This is the lesson of Saltzer, Reed & Clark, *End-to-End Arguments in System Design* (1984): a checkpoint placed below the endpoint — here, at the transport's delivery rather than at the application of the update — can only ever be a performance hint, never a correctness guarantee. The "it happened" property can only be established at the endpoint that actually performs the work, so the cursor is sourced from `apply`, not from `recv`. The cursor-as-monotonic-index shape itself is the HashiCorp Consul anti-entropy / blocking-query lineage: a client re-arms its watch from the last index it *reconciled*, never from the index it merely *saw*.
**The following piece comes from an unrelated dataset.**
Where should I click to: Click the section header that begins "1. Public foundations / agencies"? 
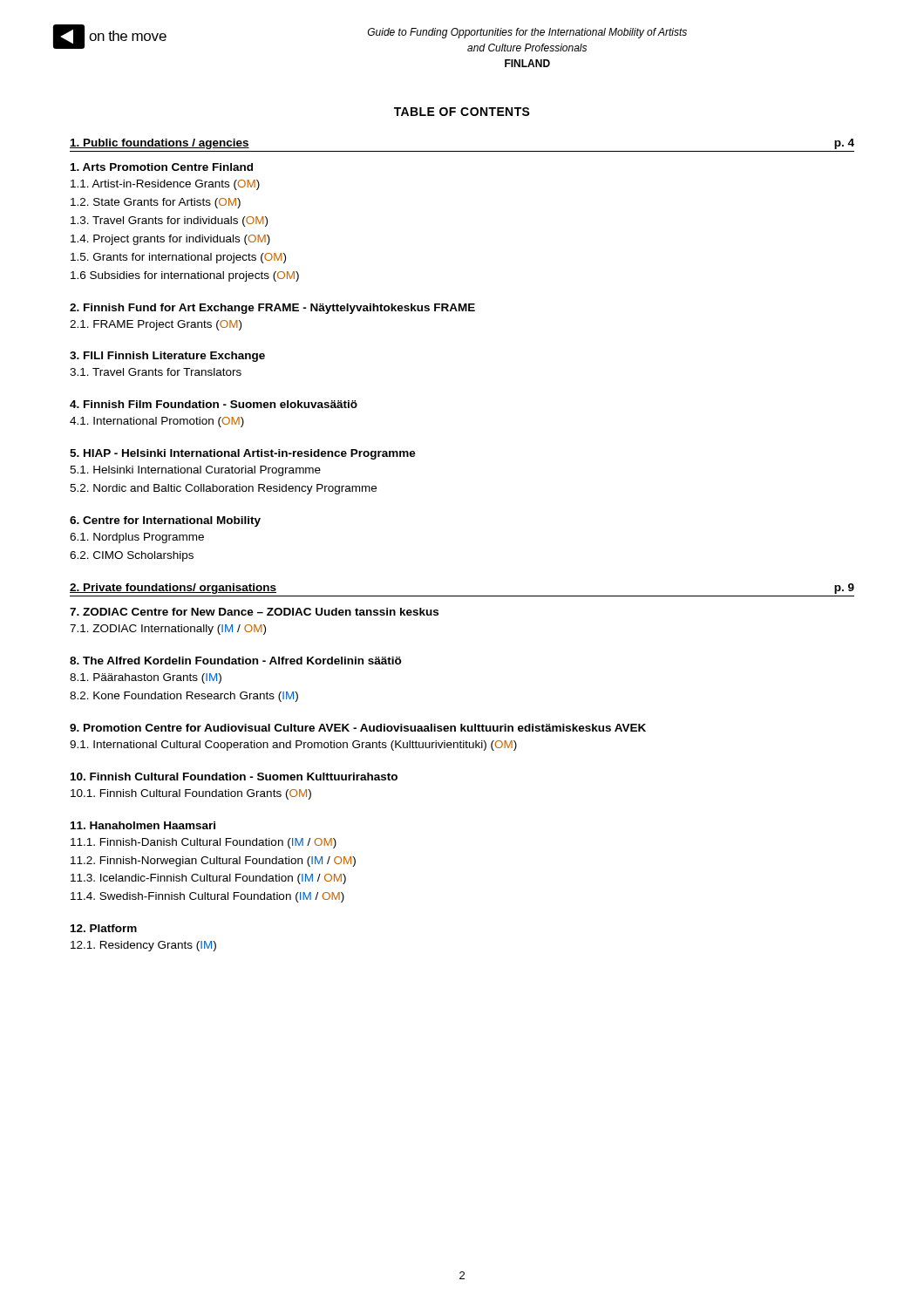pyautogui.click(x=462, y=143)

**Cursor authority covers rejected entries.** `batch_high` tracks the highest revision *received* since the last flush, including updates that `parse` rejected (corrupt bytes, irrelevant keys). A rejected entry is still "nothing to apply," so it is covered by the cursor — and because NATS delivers in revision order, advancing to the max revision after one atomic `apply` is sound: having seen the max means every revision below it has been seen too. Without this, a run of irrelevant keys would pin the cursor in place and force redundant replay on every restart.
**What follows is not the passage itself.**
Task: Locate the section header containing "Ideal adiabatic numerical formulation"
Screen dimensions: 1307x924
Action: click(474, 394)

**Snapshot consistency.** Raw `KvUpdate`s stream to the snapshot log as they arrive, but the *checkpoint* cursor is the post-apply cursor. A crash after a raw record is written but before its `apply`/checkpoint leaves the log holding data *ahead* of its cursor — which is safe: the cursor never names a revision whose `apply` had not returned, so resume re-delivers and re-applies that tail rather than skipping it. Compaction runs off the hot path via `spawn_blocking`, as everywhere else in the snapshot subsystem.
**Flush triggers.** A batch flushes when any of these fires: the `window` elapses, `batch.len()` reaches `config.max`, a shutdown is signalled, or the channel closes with a pending batch (the remainder is flushed before returning).
**Cursor-expired resync.** On `CursorExpired` from the resume path the combinator falls back to the full-scope watch (`watch_all` / `watch_prefix` / `watch_prefixes`), whose state-sync re-list re-delivers every live key as puts. The re-list cannot cover keys deleted during the gap whose markers were evicted with the cursor, so — when the combinator is given a `KvReader` and a store — it closes that hole first: the watch task lists the bucket's live keys, hands them to the main loop, and waits for an ack; the main loop flushes, diffs the fold's in-scope keys against the listing, and runs a synthetic `KvUpdate::Delete` (unknown version — never advances the cursor) through `parse`/`apply`/store for each key that vanished; only then does the fallback watch start. That ack ordering is the invariant: a synthetic delete always precedes the re-list put for the same key, so delete-then-recreate during the gap converges. Without a reader the fallback is re-list-only and logs the possible stale keys.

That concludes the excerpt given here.